Open dtaivpp opened 2 months ago
@dtaivpp Thanks David, we will do some research and enhance this part.
@dtaivpp I think our document already shows whether the pre-trained model does Auto-truncation or not https://opensearch.org/docs/latest/ml-commons-plugin/pretrained-models/ . Do you suggest disable auto-truncation for all pre-trained models by default, then ask cx to enable it manually through some setting ? That seems adding more steps for some cx who already know this and they want auto-truncation.
@dylan-tong-aws , Dylan, do you have any suggestion?
In talking to several customers new to OpenSearch they never came across this documentation. They simply attempted to ingest documents into OpenSearch not realizing that it was truncating their text. This caused them huge relevance issues (they were ingesting documents several thousand tokens long).
I've come across this already with at least 10 people in the last few months (myself included). I feel it would be better to disable auto-truncation and error with a reference to the setting to enable auto-truncation. This way users know the setting is there and can understand their documents need to be chunked.
@dtaivpp Do you know which document people read to learn how to use the model ? The easiest way is we can add a big warning to the top of the doc.
Disabling auto-truncate will need code change. Actually I have some concern that may make some other users unhappy as they will need extra step to enable auto-truncate now. How about we add warning to documentation first as it's easy ? Prefer to check other people's opinion for disabling auto-truncate
I think the key here is people experienced with vector search will expect there is an auto-truncation setting they may need to enable. People inexperienced with vector search will not know there is a auto-truncation setting they need to disable.
We need to help the people who have no experience learn. The problem with updating documentation is we would need to ensure all documentation for the rest of time will have this warning. Any new documentation around vector search would need it. New tutorials. Then we need to be concerned that all users who create blogs showing vector search also include this warning. That is unsustainable.
I agree that this will cause some irritation for users already using it in this manner but that will be a one time pain. We can get in front of that by writing some content with the warning that will be thrown to help explain why we made the change.
Actually now that I think about it there are 2 other alternatives to auto-truncation but they both would create a fair amount of work and communication.
When is the next ML triage meeting?
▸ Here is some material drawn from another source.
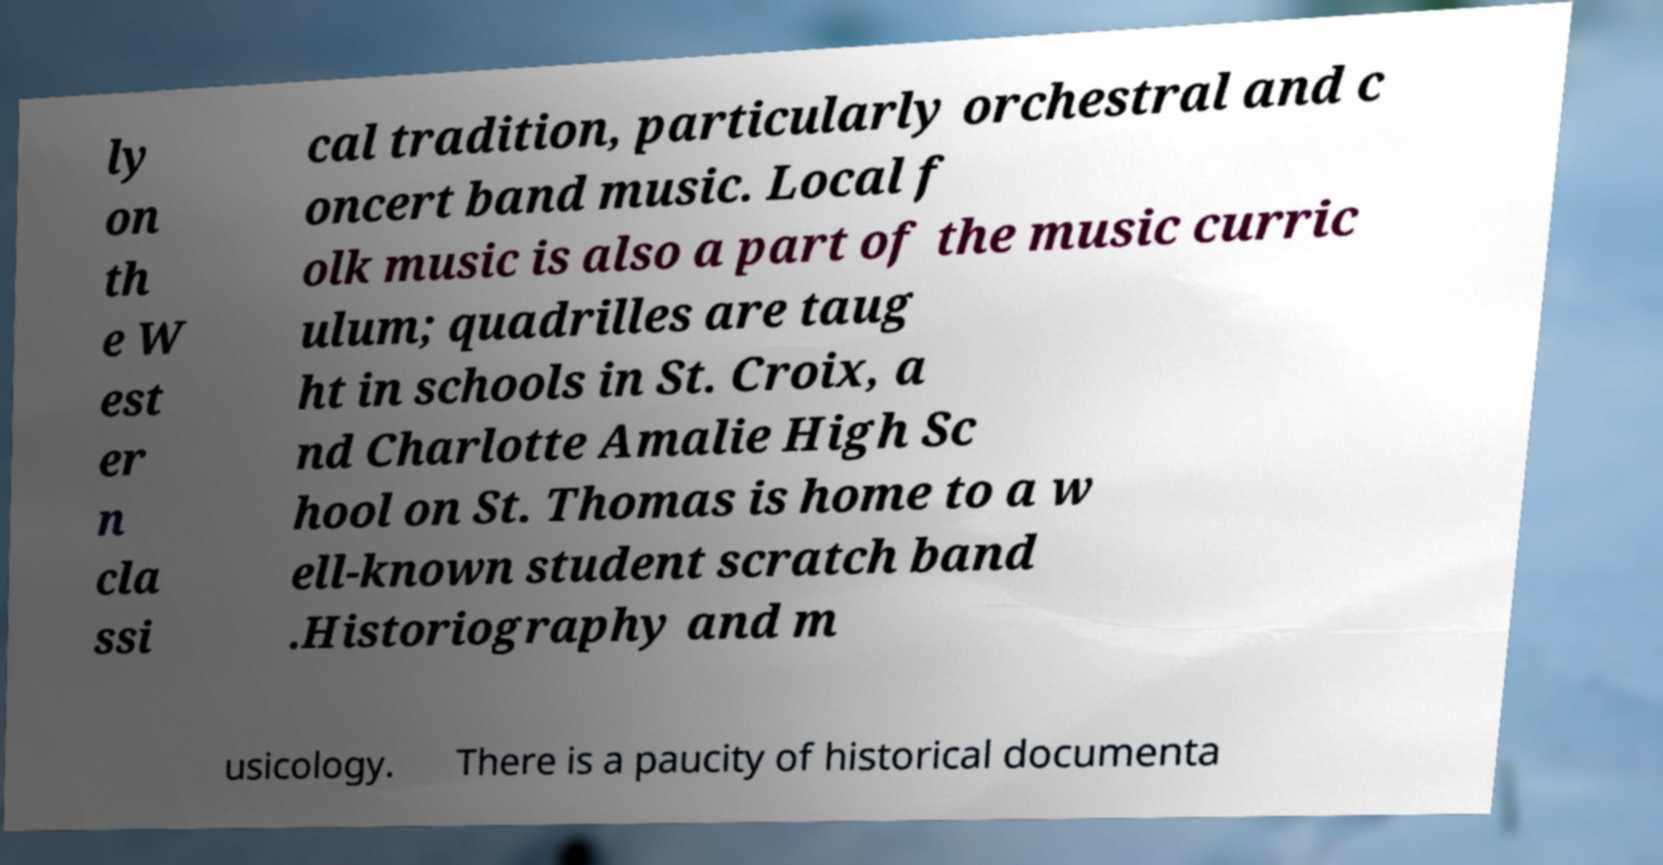Please read and relay the text visible in this image. What does it say? ly on th e W est er n cla ssi cal tradition, particularly orchestral and c oncert band music. Local f olk music is also a part of the music curric ulum; quadrilles are taug ht in schools in St. Croix, a nd Charlotte Amalie High Sc hool on St. Thomas is home to a w ell-known student scratch band .Historiography and m usicology. There is a paucity of historical documenta

I'd like to hear some other opinions on this as well.
Agree that it's better for user to use auto chunking, we have released text chunking https://opensearch.org/docs/latest/search-plugins/text-chunking/
We have bi-weekly ML triage meeting. We just had one this Tuesday. So next one will be the week after next.
Hi @dtaivpp @ylwu-amzn ! Chunking is a good solution if user's text is mostly 2x longer than the model token limit. We currently support text chunking as an ingest processor. With a configured pipeline, text chunking algorithms will be applied to the input field upon ingestion. Can you elaborate more on auto chunking?
@dtaivpp if you want to use any model which is not performing any auto-truncation, you can use huggingface/sentence-transformers/msmarco-distilbert-base-tas-b
with 1.0.1
version. Previously we released 1.0.1
version and customer wanted to have auto truncation on that model too. So we bumped to the 1.0.2
version of that model which has auto-truncation now.
POST /_plugins/_ml/models/_register
{
"name": "huggingface/sentence-transformers/msmarco-distilbert-base-tas-b",
"version": "1.0.1",
"model_group_id": "Z1eQf4oB5Vm0Tdw8EIP2",
"model_format": "TORCH_SCRIPT"
}
Please let us know if customer want any specific model with truncation feature disabled?
I remember we had a PoC to allow cx to specify auto_truncate
in model config , will that help @dtaivpp . Cx can control whether they want to auto truncate or not .
@ylwu-amzn and @dhrubo-os the trouble here is not whether it's configurable its about user understanding. If someone is new to vector search this is a really easy way to shoot yourself in the foot and never know what went wrong. I've talked to several people already who have completely abandoned vector search because they thought the relevancy was bad. Turns out their documents were just truncated because they didn't understand how vectorization worked.
The easiest way now is clarifying this on documentation. Created on issue https://github.com/opensearch-project/documentation-website/issues/7365
Is your feature request related to a problem? Yes! I just had a discussion with @ylwu-amzn where we were discussing how documents are embedded. I (and many others I have talked to) were under the impression that when you send a document larger than the token input of a model there was something like pooling going on under the hood. This seems to not be the case however and documents larger than the token limit are simply truncated.
What solution would you like? There should be a flag to enable/disable document truncation. Transparently truncating data as it's being embedded has catastrophic consequences. Documents that are over the limit may simply never be returned depending on where the document was truncated.
This should probably be configurable via the ML commons settings. We may also want to enable pooling as an alternative. Eg:
What alternatives have you considered? I am not sure how else we can protect people from the misunderstanding that embedding models have a maximum input token length.
Do you have any additional context? Add any other context or screenshots about the feature request here.